State of inner products in Base #25565

Closed juliohm closed 6 years ago

juliohm commented 6 years ago

If a user needs to define custom inner products for general Hilbert spaces, what is the current state in Base for this type of generalization? https://github.com/JuliaLang/julia/issues/16573 is a related, but less general issue. My concern is with new types that aren't arrays.

I'd like to propose renaming dot to inner, or perhaps directing users to define inner(x,y) as a general inner product between objects x and y, including the array case:

inner(x::AbstractVector, y::AbstractVector) = dot(x, y)

In case the change is reasonable, could it be part of Julia v1.0?

StefanKarpinski commented 6 years ago

I agree that ⟨u,v⟩, ⟨u|v⟩, or (u,v) are more common notations for inner products on arbitrary Hilbert spaces—they are what I typically use myself—but those notations are a nonstarter for Julia.

It would actually be possible to make ⟨u,v⟩ work.

stevengj commented 6 years ago

@StefanKarpinski: It would actually be possible to make ⟨u,v⟩ work.

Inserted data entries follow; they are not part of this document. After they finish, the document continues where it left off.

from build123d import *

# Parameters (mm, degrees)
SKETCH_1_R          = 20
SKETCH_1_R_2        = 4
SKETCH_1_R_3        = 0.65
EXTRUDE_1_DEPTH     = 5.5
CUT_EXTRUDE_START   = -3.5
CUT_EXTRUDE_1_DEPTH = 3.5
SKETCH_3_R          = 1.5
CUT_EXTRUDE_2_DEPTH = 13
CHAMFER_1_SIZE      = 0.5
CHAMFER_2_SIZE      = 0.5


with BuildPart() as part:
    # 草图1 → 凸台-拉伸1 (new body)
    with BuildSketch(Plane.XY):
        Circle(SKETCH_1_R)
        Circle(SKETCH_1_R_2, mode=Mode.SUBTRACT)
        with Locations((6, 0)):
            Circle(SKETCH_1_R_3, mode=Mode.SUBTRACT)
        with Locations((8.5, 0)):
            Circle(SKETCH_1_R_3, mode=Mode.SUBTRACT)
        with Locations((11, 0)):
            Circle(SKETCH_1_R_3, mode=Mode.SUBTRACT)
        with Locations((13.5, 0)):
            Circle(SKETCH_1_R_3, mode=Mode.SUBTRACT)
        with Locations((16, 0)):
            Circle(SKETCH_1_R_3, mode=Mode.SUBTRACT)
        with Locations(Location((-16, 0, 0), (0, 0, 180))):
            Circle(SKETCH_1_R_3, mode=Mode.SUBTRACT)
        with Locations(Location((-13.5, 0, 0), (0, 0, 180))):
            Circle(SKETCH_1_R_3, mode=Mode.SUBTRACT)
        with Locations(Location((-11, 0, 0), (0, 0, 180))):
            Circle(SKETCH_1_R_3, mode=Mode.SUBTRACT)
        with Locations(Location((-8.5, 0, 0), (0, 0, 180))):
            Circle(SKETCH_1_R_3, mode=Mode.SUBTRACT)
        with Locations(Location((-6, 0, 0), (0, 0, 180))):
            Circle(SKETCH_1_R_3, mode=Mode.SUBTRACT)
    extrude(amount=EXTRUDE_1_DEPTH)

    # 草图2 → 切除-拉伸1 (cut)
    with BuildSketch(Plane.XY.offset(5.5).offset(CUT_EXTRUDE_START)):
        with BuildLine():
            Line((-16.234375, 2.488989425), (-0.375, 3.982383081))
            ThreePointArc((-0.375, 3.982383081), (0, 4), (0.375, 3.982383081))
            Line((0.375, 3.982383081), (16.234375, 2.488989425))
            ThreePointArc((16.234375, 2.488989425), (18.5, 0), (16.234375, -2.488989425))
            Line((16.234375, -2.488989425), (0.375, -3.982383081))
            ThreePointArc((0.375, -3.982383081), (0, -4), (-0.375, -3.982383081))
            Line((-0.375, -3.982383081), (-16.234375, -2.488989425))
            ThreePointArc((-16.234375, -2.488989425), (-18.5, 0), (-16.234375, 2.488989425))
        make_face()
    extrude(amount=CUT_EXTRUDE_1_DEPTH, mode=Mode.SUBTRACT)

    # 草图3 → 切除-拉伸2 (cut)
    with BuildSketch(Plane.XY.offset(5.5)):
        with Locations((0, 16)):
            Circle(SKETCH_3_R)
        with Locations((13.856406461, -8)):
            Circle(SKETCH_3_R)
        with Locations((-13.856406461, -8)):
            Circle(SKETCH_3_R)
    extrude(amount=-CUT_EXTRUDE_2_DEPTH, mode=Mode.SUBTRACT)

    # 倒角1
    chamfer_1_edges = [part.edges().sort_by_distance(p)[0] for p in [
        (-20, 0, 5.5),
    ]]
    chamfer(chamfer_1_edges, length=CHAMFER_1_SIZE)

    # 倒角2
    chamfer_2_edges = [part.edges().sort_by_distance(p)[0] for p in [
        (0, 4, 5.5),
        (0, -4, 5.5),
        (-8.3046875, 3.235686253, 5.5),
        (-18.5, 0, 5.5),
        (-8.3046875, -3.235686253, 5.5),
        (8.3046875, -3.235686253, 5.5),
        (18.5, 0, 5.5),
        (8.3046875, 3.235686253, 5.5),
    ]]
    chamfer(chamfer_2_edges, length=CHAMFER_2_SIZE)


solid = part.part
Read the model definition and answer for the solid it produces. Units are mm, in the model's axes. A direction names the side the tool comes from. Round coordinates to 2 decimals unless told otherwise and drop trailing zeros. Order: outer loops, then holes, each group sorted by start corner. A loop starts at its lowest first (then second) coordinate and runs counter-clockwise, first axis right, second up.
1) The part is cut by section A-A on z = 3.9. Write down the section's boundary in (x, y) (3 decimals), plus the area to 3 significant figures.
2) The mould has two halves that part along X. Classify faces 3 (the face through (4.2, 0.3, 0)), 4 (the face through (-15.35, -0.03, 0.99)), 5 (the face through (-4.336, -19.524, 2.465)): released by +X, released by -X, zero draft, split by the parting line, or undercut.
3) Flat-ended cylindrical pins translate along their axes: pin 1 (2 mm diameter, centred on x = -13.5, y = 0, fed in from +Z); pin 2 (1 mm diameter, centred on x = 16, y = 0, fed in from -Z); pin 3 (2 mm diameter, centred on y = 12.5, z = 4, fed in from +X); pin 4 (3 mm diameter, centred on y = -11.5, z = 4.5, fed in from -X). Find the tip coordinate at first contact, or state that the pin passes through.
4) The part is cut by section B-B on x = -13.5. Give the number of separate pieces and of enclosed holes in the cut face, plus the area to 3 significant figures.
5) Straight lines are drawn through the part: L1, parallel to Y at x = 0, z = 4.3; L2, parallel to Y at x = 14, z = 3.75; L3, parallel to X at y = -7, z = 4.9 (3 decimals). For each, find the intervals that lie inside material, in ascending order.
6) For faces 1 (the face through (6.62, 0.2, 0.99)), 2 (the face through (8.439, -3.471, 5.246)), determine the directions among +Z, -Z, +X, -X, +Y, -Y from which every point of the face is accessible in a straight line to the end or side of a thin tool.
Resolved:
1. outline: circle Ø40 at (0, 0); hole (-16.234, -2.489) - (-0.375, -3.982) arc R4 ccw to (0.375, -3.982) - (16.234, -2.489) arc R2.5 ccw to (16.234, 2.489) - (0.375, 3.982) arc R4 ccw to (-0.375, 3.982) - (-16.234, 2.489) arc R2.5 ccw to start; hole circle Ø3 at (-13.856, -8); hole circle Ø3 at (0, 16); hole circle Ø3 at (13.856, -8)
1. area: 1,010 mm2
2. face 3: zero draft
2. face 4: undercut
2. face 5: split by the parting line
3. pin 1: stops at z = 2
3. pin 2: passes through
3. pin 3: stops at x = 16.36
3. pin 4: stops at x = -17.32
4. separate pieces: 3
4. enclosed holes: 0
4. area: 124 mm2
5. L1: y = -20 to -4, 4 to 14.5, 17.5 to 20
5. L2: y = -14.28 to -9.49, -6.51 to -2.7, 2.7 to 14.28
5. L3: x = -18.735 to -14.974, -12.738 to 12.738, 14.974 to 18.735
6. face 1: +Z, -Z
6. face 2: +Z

Absolutely, and supporting this precise notation was suggested in #8934, but it never went anywhere. (Note also that angle brackets have other common uses, e.g. ⟨u⟩ often denotes an average of some kind.) It is non-breaking and could still be added at some point, but it doesn't seem reasonable to expect in the near term. It's also quite slow to type \langle<tab> x, y \rangle<tab>, so it's not very convenient from a programming standpoint for an elementary operation.

oscardssmith commented 6 years ago

and we can't overload <> for it, right?

ararslan commented 6 years ago

No

antoine-levitt commented 6 years ago

Can't say I've read every comment on this humongous thread, but I just want to highlight a few points, some of which have been made before:

Therefore, +1 on @stevengj 's

yes, I think if we make this change then we only need dot and norm (which are now the recursive Euclidean operations on arrays or arrays-of-arrays of any dimensionality, though for norm we also define norm(x,p) to be the p-norm) and opnorm, and no longer have vecdot or vecnorm.

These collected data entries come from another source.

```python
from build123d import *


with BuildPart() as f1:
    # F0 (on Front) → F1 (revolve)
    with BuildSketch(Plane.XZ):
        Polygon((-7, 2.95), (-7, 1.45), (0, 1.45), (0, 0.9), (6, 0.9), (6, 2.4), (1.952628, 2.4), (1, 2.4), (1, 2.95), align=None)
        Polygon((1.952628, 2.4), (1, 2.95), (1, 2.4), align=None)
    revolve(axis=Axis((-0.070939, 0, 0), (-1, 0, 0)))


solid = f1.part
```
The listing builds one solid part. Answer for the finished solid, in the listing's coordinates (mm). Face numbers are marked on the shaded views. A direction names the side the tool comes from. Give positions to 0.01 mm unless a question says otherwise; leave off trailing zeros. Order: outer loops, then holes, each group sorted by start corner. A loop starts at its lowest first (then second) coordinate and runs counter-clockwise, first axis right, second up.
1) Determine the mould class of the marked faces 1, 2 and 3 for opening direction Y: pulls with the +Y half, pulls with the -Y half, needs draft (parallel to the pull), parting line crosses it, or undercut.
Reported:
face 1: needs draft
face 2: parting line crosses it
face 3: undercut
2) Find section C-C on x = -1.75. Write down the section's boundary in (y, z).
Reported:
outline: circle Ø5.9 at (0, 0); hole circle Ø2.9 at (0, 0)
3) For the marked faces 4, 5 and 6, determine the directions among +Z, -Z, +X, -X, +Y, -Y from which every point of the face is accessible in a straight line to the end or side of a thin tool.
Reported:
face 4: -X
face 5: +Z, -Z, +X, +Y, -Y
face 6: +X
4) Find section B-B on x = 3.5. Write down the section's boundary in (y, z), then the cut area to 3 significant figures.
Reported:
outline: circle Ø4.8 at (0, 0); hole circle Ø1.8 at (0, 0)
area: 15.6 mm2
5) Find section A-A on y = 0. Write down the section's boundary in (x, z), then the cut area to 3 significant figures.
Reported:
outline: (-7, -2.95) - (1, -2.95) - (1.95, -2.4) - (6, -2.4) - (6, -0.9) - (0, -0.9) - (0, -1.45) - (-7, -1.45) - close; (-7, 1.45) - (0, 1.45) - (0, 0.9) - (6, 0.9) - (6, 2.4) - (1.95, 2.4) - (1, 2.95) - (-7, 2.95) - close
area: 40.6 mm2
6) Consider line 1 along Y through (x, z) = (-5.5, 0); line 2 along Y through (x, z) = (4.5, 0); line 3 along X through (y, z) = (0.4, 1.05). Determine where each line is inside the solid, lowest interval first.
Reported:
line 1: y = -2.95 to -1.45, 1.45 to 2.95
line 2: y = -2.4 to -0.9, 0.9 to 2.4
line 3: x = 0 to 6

A more "julian" alternative to norm/opnorm might be to have an Operator type, which could wrap a 2D array, on which norm does opnorm. This can be done at the level of packages (several of which already exist)

stevengj commented 6 years ago

I'd much rather type opnorm(matrix) than norm(Operator(matrix))

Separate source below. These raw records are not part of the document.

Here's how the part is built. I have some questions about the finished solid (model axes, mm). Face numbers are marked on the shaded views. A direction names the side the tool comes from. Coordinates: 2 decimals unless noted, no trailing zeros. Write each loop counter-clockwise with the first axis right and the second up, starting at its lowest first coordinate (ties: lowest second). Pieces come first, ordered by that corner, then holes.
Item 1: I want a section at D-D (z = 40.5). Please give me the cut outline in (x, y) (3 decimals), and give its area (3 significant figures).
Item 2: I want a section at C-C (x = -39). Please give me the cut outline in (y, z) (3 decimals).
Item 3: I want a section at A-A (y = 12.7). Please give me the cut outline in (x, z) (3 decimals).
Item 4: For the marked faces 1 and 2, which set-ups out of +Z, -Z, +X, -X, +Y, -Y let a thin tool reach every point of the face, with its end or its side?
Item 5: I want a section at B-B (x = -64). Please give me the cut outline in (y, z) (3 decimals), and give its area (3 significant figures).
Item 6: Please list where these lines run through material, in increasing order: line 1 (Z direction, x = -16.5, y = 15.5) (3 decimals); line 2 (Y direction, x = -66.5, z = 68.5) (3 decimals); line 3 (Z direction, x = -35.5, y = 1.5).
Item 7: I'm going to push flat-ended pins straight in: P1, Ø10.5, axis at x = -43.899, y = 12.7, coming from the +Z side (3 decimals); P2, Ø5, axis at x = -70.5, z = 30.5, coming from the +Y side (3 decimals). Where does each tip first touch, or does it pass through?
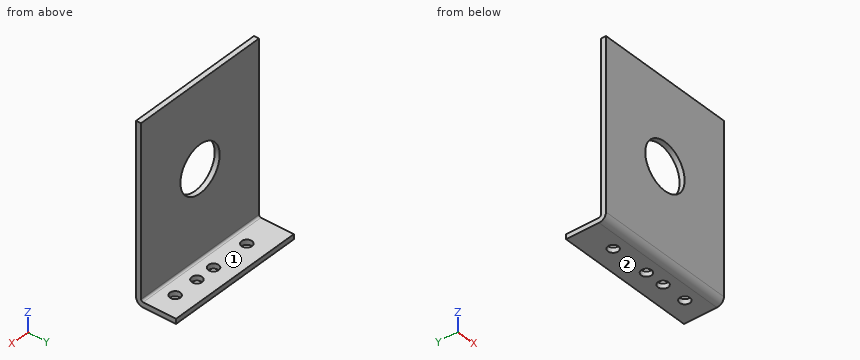
Autodesk Inventor part; units mm, degrees
ref_plane "YZ Plane" through (0, 0, 0) normal (1, 0, 0) x (0, 1, 0)
ref_plane "XZ Plane" through (0, 0, 0) normal (0, 1, 0) x (-1, 0, 0)
ref_plane "XY Plane" through (0, 0, 0) normal (0, 0, 1) x (1, 0, 0)
sketch "Sketch3" plane through (0, 0, 0) normal (0, 1, 0) x (-1, 0, 0)
  line L0 (0, 0) -> (90, 0)
  line L1 (90, 0) -> (90, 86.54)
  line L2 (90, 86.54) -> (0, 86.54)
  line L3 (0, 86.54) -> (0, 0)
  line L4 (0, 0) -> (0, -25.4)
  line L5 (0, -25.4) -> (90, -25.4)
  line L6 (90, -25.4) -> (90, 0)
  dimension "d13" = 90
  dimension "d14" = 86.54
  dimension "d15" = 25.4
extrude "Plate3" add sketch "Sketch3" along normal blind 3.175
sketch "Sketch4" plane through (-90, 0, -22.225) normal (0, 0, -1) x (-1, 0, 0)
  line L0 (-90, 0) -> (0, 0)
  line L1 (0, 0) -> (0, 25.4)
  line L2 (0, 25.4) -> (-90, 25.4)
  line L3 (-90, 25.4) -> (-90, 0)
edge flange "Flange2" height 25.4 angle 90 thickness 3.175 bend radius 1.27 thickness toward (0, 0, -1) relief tear relief width 3.175 relief depth 1.5875 edges at (-45, 3.175, -25.4) wall of the first edge with corners at (0, 0, -22.225) (-90, 0, -22.225) (-90, 25.4, -22.225) (0, 25.4, -22.225)
bend "Bend2"
corner "Corner2"
sketch "Sketch5" plane through (0, 3.175, 0) normal (0, 1, 0) x (1, 0, 0)
  line L0 (0, 20.955) -> (-90, 20.955)
  line L1 (-90, -86.54) -> (-90, 20.955)
  line L2 (0, -86.54) -> (-90, -86.54)
  line L3 (0, 20.955) -> (0, -86.54)
  line L4 (-45, 20.955) -> (-45, -86.54)
  line L5 (0, -32.7925) -> (-90, -32.7925)
  circle A0 centre (-45, -32.7925) radius 15
  point P0 (0, 0)
  dimension "d27" = 30
extrude "Cut1" cut sketch "Sketch5" against normal blind 3.175 contours A0 L5 L4 | L4 L5 A0 | A0 L4 L5 | L4 A0 L5
sketch "Sketch6" plane through (-90, 25.4, -22.225) normal (0, 0, 1) x (1, 0, 0)
  circle A0 centre (20.701, -12.7) radius 3.302
  circle A1 centre (58.801, -12.7) radius 3.302
  circle A2 centre (46.101, -12.7) radius 3.302
  circle A3 centre (1.651, -12.7) radius 3.302
  circle A4 centre (119.9021, -12.7) radius 3.302
  circle A5 centre (75.4521, -12.7) radius 3.302
  point P0 (90, -25.4)
extrude "Cut2" cut sketch "Sketch6" against normal blind 3.175 contours A0 | A1 | A2 | A5
equation "\"d28\" = Thickness"
equation "\"d30\" = Thickness"
equation "\"d17\" = BendReliefWidth"
equation "\"d18\" = BendReliefDepth"
equation "\"d19\" = MinimumRemnant"
equation "\"d20\" = BendRadius"
equation "\"d24\" = CornerReliefSize"
equation "\"d25\" = GapSize"
equation "\"d26\" = JacobiRadiusSize"
equation "\"BendRadius\" = Thickness"
equation "\"BendReliefWidth\" = Thickness"
equation "\"BendReliefDepth\" = 0.5 * Thickness"
equation "\"CornerReliefSize\" = 4 * Thickness"
equation "\"MinimumRemnant\" = 2 * Thickness"
equation "\"TransitionRadius\" = BendRadius"
equation "\"JacobiRadiusSize\" = BendRadius"
equation "\"GapSize\" = Thickness"
equation "\"d2\" = BendRadius"
equation "\"d16\" = BendRadius"
properties part number "New Bracket for arm motor"
Answer:
1. outline: (-90, 0) - (-57.868, 0) - (-57.868, 3.175) - (-90, 3.175) - close; (-32.132, 0) - (0, 0) - (0, 3.175) - (-32.132, 3.175) - close
1. area: 204 mm2
2. outline: (0, -20.955) arc R4.445 ccw to (4.445, -25.4) - (25.4, -25.4) - (25.4, -22.225) - (4.445, -22.225) arc R1.27 cw to (3.175, -20.955) - (3.175, 19.045) - (0, 19.045) - close; (0, 46.54) - (3.175, 46.54) - (3.175, 86.54) - (0, 86.54) - close
3. outline: (-90, -25.4) - (-72.601, -25.4) - (-72.601, -22.225) - (-90, -22.225) - close; (-65.997, -25.4) - (-47.201, -25.4) - (-47.201, -22.225) - (-65.997, -22.225) - close; (-40.597, -25.4) - (-34.501, -25.4) - (-34.501, -22.225) - (-40.597, -22.225) - close; (-27.897, -25.4) - (-17.85, -25.4) - (-17.85, -22.225) - (-27.897, -22.225) - close; (-11.246, -25.4) - (0, -25.4) - (0, -22.225) - (-11.246, -22.225) - close
4. face 1: +Z, +X, -X, +Y
4. face 2: -Z, +X, -X, +Y, -Y
5. outline: (0, -20.955) arc R4.445 ccw to (4.445, -25.4) - (25.4, -25.4) - (25.4, -22.225) - (4.445, -22.225) arc R1.27 cw to (3.175, -20.955) - (3.175, 86.54) - (0, 86.54) - close
5. area: 422 mm2
6. line 1: z = -25.4 to -22.225
6. line 2: y = 0 to 3.175
6. line 3: z = -24.28 to 21.18, 44.4 to 86.54
7. P1: stops at z = -22.225
7. P2: stops at y = 3.175

StefanKarpinski commented 6 years ago

I'm going to chime in from the peanut gallery here and say that I like where this is going—vecnorm and vecdot have always bothered me. Needing to explicitly ask for the operator norm—which has always seemed fairly specialized to me—seems much saner than having to ask for a norm that's much faster and easier to compute (e.g. the Frobenius norm). Writing opnorm seems like a fine interface for asking for the relatively specialized operator norm.

I also feel that having a subtle distinction between dot and inner is likely to lead to confusion and rampant misuse. Lecturing users about which function they're supposed to use when both functions do what they want and one of them is easier tends not to work out very well. My impression is that it's relatively rare in generic code that sum(x*y for (x,y) in zip(u,v)) is actually what you want when a true inner product ⟨u,v⟩ actually exists. When that's really what's wanted, it's fairly easy, clear and efficient (because Julia is what it is) to just write something like that to compute it.

Whether to call the u⋅v function dot or inner seems like the least consequential part of all of this. I'm fairly sure that neither choice would be looked back upon by historians as a disaster—although the notion that historians would care at all certainly is flattering. On the one hand, if we agree to keep the "true inner product" meaning of u⋅v then yes, inner is the more correct mathematical term. On the other hand, when there is a syntax with a corresponding function name it tends to confuse users less when the name matches the syntax. Since the syntax here uses a dot, that rule of thumb supports spellings this operation as dot. Perhaps this might be a reasonable case to define const dot = inner and export both? Then people can use or extend whichever name they prefer since they're the same thing. If someone wants to use either name for something else they can, and the other name will remain available with its default meaning. Of course that would make three exported names for the same function—dot, inner and —which seems a bit excessive.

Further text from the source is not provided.